**Brief**
Retype the whole listing, please, keeping every line exact and dropping the pictures.

────

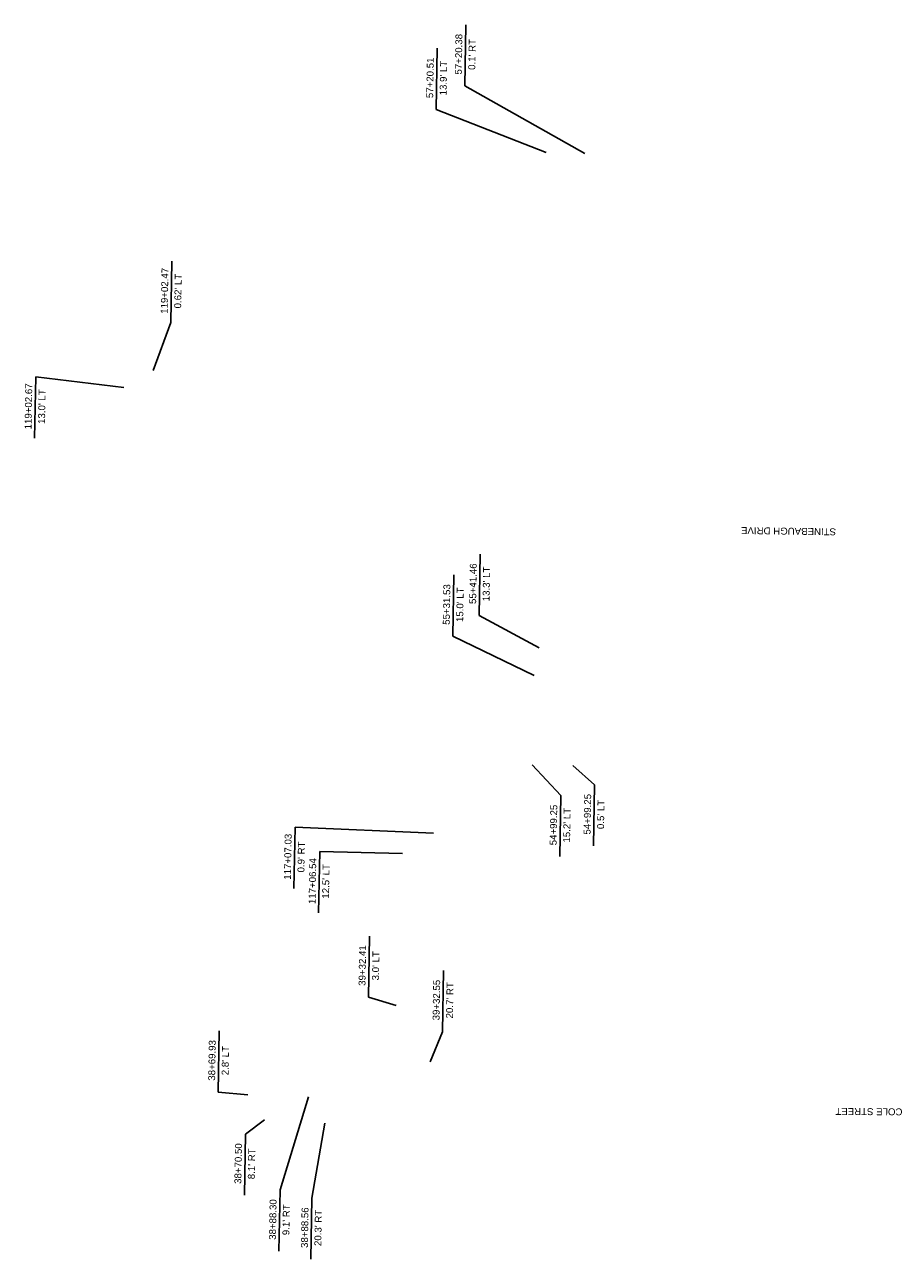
# Model space of a CAD drawing. Header units: feet. Extents: x 1495426 to 1498273, y 337143 to 337668.
# Tile 3 of 3: x 1497957 to 1498273, y 337222 to 337668. Entities that reach past the tile are written whole.
import ezdxf

# ---------------------------------------------------------------- set-up
doc = ezdxf.new("R2010")
doc.units = ezdxf.units.FT
doc.header["$MEASUREMENT"] = 0
doc.layers.add('RD_P_Text', color=1, linetype='Continuous')
doc.styles.get("Standard").update_dxf_attribs({"font": 'arial.ttf'})

msp = doc.modelspace()

# ---------------------------------------------------------------- linework, layer by layer
at = {"layer": 'RD_P_Text', "flags": 128}
for points in [[(1498116.427, 337646.122), (1498116.809, 337668.221)], [(1498106.089, 337637.591), (1498106.471, 337659.69)], [(1498159.831, 337621.704), (1498116.427, 337646.122)], [(1498145.845, 337622.073), (1498106.089, 337637.591)], [(1498010.196, 337560.639), (1498010.578, 337582.738)], [(1498003.875, 337543.238), (1498010.196, 337560.639)], [(1497961.002, 337518.898), (1497961.384, 337540.997)], [(1497993.181, 337537.108), (1497961.384, 337540.997)], [(1498121.609, 337454.838), (1498121.992, 337476.937)], [(1498112.076, 337447.315), (1498112.458, 337469.415)], [(1498143.345, 337443.046), (1498121.609, 337454.838)], [(1498112.076, 337447.315), (1498141.468, 337433.147)], [(1498151.078, 337389.756), (1498140.789, 337400.872)], [(1498155.428, 337400.619), (1498163.33, 337393.652)], [(1498162.948, 337371.553), (1498163.33, 337393.652)], [(1498150.696, 337367.657), (1498151.078, 337389.756)], [(1498054.709, 337356.185), (1498055.092, 337378.284)], [(1498055.092, 337378.284), (1498105.151, 337376.082)], [(1498063.618, 337347.386), (1498064, 337369.485)], [(1498064, 337369.485), (1498093.899, 337368.819)], [(1498081.632, 337316.889), (1498082.015, 337338.988)], [(1498108.387, 337304.407), (1498108.769, 337326.506)], [(1498091.596, 337313.847), (1498081.632, 337316.889)], [(1498027.309, 337282.616), (1498027.691, 337304.715)], [(1498103.863, 337293.575), (1498108.387, 337304.407)], [(1498038.043, 337281.657), (1498027.309, 337282.616)], [(1498049.664, 337247.228), (1498059.928, 337280.843)], [(1498044.106, 337272.618), (1498037.16, 337267.441)], [(1498065.855, 337271.422), (1498061.202, 337244.287)], [(1498036.778, 337245.342), (1498037.16, 337267.441)], [(1498049.281, 337225.129), (1498049.664, 337247.228)], [(1498060.82, 337222.188), (1498061.202, 337244.287)]]:
    msp.add_lwpolyline(points, dxfattribs=at)

# ---------------------------------------------------------------- texts
at = {"layer": 'RD_P_Text', "char_height": 2.5, "attachment_point": 5}
for s, width, heights, insert, rotation in [('57+20.38', 28.06486, [0], (1498114.208, 337657.553), 89.00895), ("0.1' RT", 28.06486, [0], (1498119.04, 337657.47), 89.00895), ('57+20.51', 28.06486, [0], (1498103.87, 337649.022), 89.00895), ("13.9' LT", 28.06486, [0], (1498108.702, 337648.939), 89.00895), ('119+02.47', 28.06486, [0], (1498007.977, 337572.07), 89.00895), ("0.62' LT", 28.06486, [0], (1498012.809, 337571.986), 89.00895), ('119+02.67', 28.06486, [0], (1497958.783, 337530.329), 89.00895), ("13.0' LT", 28.06486, [0], (1497963.615, 337530.245), 89.00895), ('STINEBAUGH DRIVE', 64.35806, [6.667], (1498233.377, 337485.251), 179.16204), ('55+41.46', 28.06486, [0], (1498119.39, 337466.269), 89.00895), ("13.3' LT", 28.06486, [0], (1498124.222, 337466.185), 89.00895), ('55+31.53', 28.06486, [0], (1498109.857, 337458.747), 89.00895), ("15.0' LT", 28.06486, [2.5], (1498114.689, 337458.663), 89.00895), ('54+99.25', 28.06486, [0], (1498160.729, 337382.985), 89.00895), ('54+99.25', 28.06486, [0], (1498148.477, 337379.088), 89.00895), ("15.2' LT", 28.06486, [0], (1498153.309, 337379.004), 89.00895), ("0.5' LT", 28.06486, [0], (1498165.561, 337382.901), 89.00895), ('117+07.03', 28.06486, [0], (1498052.49, 337367.616), 89.00895), ("0.9' RT", 28.06486, [0], (1498057.322, 337367.533), 89.00895), ('117+06.54', 28.06486, [0], (1498061.398, 337358.817), 89.00895), ("12.5' LT", 28.06486, [0], (1498066.231, 337358.734), 89.00895), ('39+32.41', 28.06486, [0], (1498079.413, 337328.32), 89.00895), ("3.0' LT", 28.06486, [0], (1498084.245, 337328.236), 89.00895), ('39+32.55', 28.06486, [0], (1498106.168, 337315.838), 89.00895), ("20.7' RT", 28.06486, [0], (1498111, 337315.755), 89.00895), ('38+69.93', 28.06486, [0], (1498025.09, 337294.047), 89.00895), ("2.8' LT", 28.06486, [0], (1498029.922, 337293.964), 89.00895), ('COLE STREET', 100.31742, [0], (1498262.418, 337275.549), 179.62806), ('38+70.50', 28.06486, [0], (1498034.559, 337256.773), 89.00895), ("8.1' RT", 28.06486, [0], (1498039.391, 337256.69), 89.00895), ('38+88.30', 28.06486, [0], (1498047.062, 337236.56), 89.00895), ("9.1' RT", 28.06486, [0], (1498051.894, 337236.476), 89.00895), ('38+88.56', 28.06486, [0], (1498058.6, 337233.619), 89.00895), ("20.3' RT", 28.06486, [0], (1498063.433, 337233.536), 89.00895)]:
    msp.add_mtext_dynamic_manual_height_columns(s, width=width, gutter_width=10, heights=heights, dxfattribs=dict(at, insert=insert, rotation=rotation))

doc.saveas('drawing.dxf')

────

**Answer box**
# Model space of a CAD drawing. Header units: feet. Extents: x 1495426 to 1498273, y 337143 to 337668.
# Tile 3 of 3: x 1497957 to 1498273, y 337222 to 337668. Entities that reach past the tile are written whole.
import ezdxf

# ---------------------------------------------------------------- set-up
doc = ezdxf.new("R2010")
doc.units = ezdxf.units.FT
doc.header["$MEASUREMENT"] = 0
doc.layers.add('RD_P_Text', color=1, linetype='Continuous')
doc.styles.get("Standard").update_dxf_attribs({"font": 'arial.ttf'})

msp = doc.modelspace()

# ---------------------------------------------------------------- linework, layer by layer
at = {"layer": 'RD_P_Text', "flags": 128}
for points in [[(1498116.427, 337646.122), (1498116.809, 337668.221)], [(1498106.089, 337637.591), (1498106.471, 337659.69)], [(1498159.831, 337621.704), (1498116.427, 337646.122)], [(1498145.845, 337622.073), (1498106.089, 337637.591)], [(1498010.196, 337560.639), (1498010.578, 337582.738)], [(1498003.875, 337543.238), (1498010.196, 337560.639)], [(1497961.002, 337518.898), (1497961.384, 337540.997)], [(1497993.181, 337537.108), (1497961.384, 337540.997)], [(1498121.609, 337454.838), (1498121.992, 337476.937)], [(1498112.076, 337447.315), (1498112.458, 337469.415)], [(1498143.345, 337443.046), (1498121.609, 337454.838)], [(1498112.076, 337447.315), (1498141.468, 337433.147)], [(1498151.078, 337389.756), (1498140.789, 337400.872)], [(1498155.428, 337400.619), (1498163.33, 337393.652)], [(1498162.948, 337371.553), (1498163.33, 337393.652)], [(1498150.696, 337367.657), (1498151.078, 337389.756)], [(1498054.709, 337356.185), (1498055.092, 337378.284)], [(1498055.092, 337378.284), (1498105.151, 337376.082)], [(1498063.618, 337347.386), (1498064, 337369.485)], [(1498064, 337369.485), (1498093.899, 337368.819)], [(1498081.632, 337316.889), (1498082.015, 337338.988)], [(1498108.387, 337304.407), (1498108.769, 337326.506)], [(1498091.596, 337313.847), (1498081.632, 337316.889)], [(1498027.309, 337282.616), (1498027.691, 337304.715)], [(1498103.863, 337293.575), (1498108.387, 337304.407)], [(1498038.043, 337281.657), (1498027.309, 337282.616)], [(1498049.664, 337247.228), (1498059.928, 337280.843)], [(1498044.106, 337272.618), (1498037.16, 337267.441)], [(1498065.855, 337271.422), (1498061.202, 337244.287)], [(1498036.778, 337245.342), (1498037.16, 337267.441)], [(1498049.281, 337225.129), (1498049.664, 337247.228)], [(1498060.82, 337222.188), (1498061.202, 337244.287)]]:
    msp.add_lwpolyline(points, dxfattribs=at)

# ---------------------------------------------------------------- texts
at = {"layer": 'RD_P_Text', "char_height": 2.5, "attachment_point": 5}
for s, width, heights, insert, rotation in [('57+20.38', 28.06486, [0], (1498114.208, 337657.553), 89.00895), ("0.1' RT", 28.06486, [0], (1498119.04, 337657.47), 89.00895), ('57+20.51', 28.06486, [0], (1498103.87, 337649.022), 89.00895), ("13.9' LT", 28.06486, [0], (1498108.702, 337648.939), 89.00895), ('119+02.47', 28.06486, [0], (1498007.977, 337572.07), 89.00895), ("0.62' LT", 28.06486, [0], (1498012.809, 337571.986), 89.00895), ('119+02.67', 28.06486, [0], (1497958.783, 337530.329), 89.00895), ("13.0' LT", 28.06486, [0], (1497963.615, 337530.245), 89.00895), ('STINEBAUGH DRIVE', 64.35806, [6.667], (1498233.377, 337485.251), 179.16204), ('55+41.46', 28.06486, [0], (1498119.39, 337466.269), 89.00895), ("13.3' LT", 28.06486, [0], (1498124.222, 337466.185), 89.00895), ('55+31.53', 28.06486, [0], (1498109.857, 337458.747), 89.00895), ("15.0' LT", 28.06486, [2.5], (1498114.689, 337458.663), 89.00895), ('54+99.25', 28.06486, [0], (1498160.729, 337382.985), 89.00895), ('54+99.25', 28.06486, [0], (1498148.477, 337379.088), 89.00895), ("15.2' LT", 28.06486, [0], (1498153.309, 337379.004), 89.00895), ("0.5' LT", 28.06486, [0], (1498165.561, 337382.901), 89.00895), ('117+07.03', 28.06486, [0], (1498052.49, 337367.616), 89.00895), ("0.9' RT", 28.06486, [0], (1498057.322, 337367.533), 89.00895), ('117+06.54', 28.06486, [0], (1498061.398, 337358.817), 89.00895), ("12.5' LT", 28.06486, [0], (1498066.231, 337358.734), 89.00895), ('39+32.41', 28.06486, [0], (1498079.413, 337328.32), 89.00895), ("3.0' LT", 28.06486, [0], (1498084.245, 337328.236), 89.00895), ('39+32.55', 28.06486, [0], (1498106.168, 337315.838), 89.00895), ("20.7' RT", 28.06486, [0], (1498111, 337315.755), 89.00895), ('38+69.93', 28.06486, [0], (1498025.09, 337294.047), 89.00895), ("2.8' LT", 28.06486, [0], (1498029.922, 337293.964), 89.00895), ('COLE STREET', 100.31742, [0], (1498262.418, 337275.549), 179.62806), ('38+70.50', 28.06486, [0], (1498034.559, 337256.773), 89.00895), ("8.1' RT", 28.06486, [0], (1498039.391, 337256.69), 89.00895), ('38+88.30', 28.06486, [0], (1498047.062, 337236.56), 89.00895), ("9.1' RT", 28.06486, [0], (1498051.894, 337236.476), 89.00895), ('38+88.56', 28.06486, [0], (1498058.6, 337233.619), 89.00895), ("20.3' RT", 28.06486, [0], (1498063.433, 337233.536), 89.00895)]:
    msp.add_mtext_dynamic_manual_height_columns(s, width=width, gutter_width=10, heights=heights, dxfattribs=dict(at, insert=insert, rotation=rotation))

doc.saveas('drawing.dxf')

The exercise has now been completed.